Task details: Where the word "this" shows up in the entries below, please copy the whole line.

Exercise input below:

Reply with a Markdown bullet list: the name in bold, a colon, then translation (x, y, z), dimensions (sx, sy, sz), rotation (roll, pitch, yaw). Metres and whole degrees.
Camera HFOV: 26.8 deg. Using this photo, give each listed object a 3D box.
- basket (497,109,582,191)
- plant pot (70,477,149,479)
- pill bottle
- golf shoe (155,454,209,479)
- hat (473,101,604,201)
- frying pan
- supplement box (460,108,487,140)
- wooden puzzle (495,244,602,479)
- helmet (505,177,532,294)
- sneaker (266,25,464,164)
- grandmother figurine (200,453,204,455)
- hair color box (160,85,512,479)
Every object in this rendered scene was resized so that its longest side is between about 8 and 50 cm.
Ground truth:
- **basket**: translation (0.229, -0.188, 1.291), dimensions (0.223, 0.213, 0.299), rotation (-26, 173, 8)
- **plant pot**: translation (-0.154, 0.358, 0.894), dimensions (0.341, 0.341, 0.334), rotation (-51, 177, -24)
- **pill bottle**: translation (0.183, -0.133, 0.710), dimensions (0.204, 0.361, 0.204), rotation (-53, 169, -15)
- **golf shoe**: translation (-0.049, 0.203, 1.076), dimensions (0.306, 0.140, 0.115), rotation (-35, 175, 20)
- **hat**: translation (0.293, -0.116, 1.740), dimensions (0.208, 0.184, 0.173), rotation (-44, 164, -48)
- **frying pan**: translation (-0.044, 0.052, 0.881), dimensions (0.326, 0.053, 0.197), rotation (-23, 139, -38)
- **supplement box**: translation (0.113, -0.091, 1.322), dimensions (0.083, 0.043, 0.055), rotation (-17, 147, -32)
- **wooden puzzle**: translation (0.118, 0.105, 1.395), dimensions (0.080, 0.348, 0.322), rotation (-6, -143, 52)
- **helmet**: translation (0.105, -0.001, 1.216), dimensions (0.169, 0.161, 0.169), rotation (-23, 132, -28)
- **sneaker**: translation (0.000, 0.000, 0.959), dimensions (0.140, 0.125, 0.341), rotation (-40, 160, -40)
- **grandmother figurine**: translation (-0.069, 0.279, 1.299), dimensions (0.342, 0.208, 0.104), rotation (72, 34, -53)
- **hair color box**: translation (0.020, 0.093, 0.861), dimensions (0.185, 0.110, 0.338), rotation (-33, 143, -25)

End of Exercise input.

Response to the exercise:
Camera HFOV: 26.8 deg. Using this photo, give each listed object a 3D box.
Every object in this rendered scene was resized so that its longest side is between about 8 and 50 cm.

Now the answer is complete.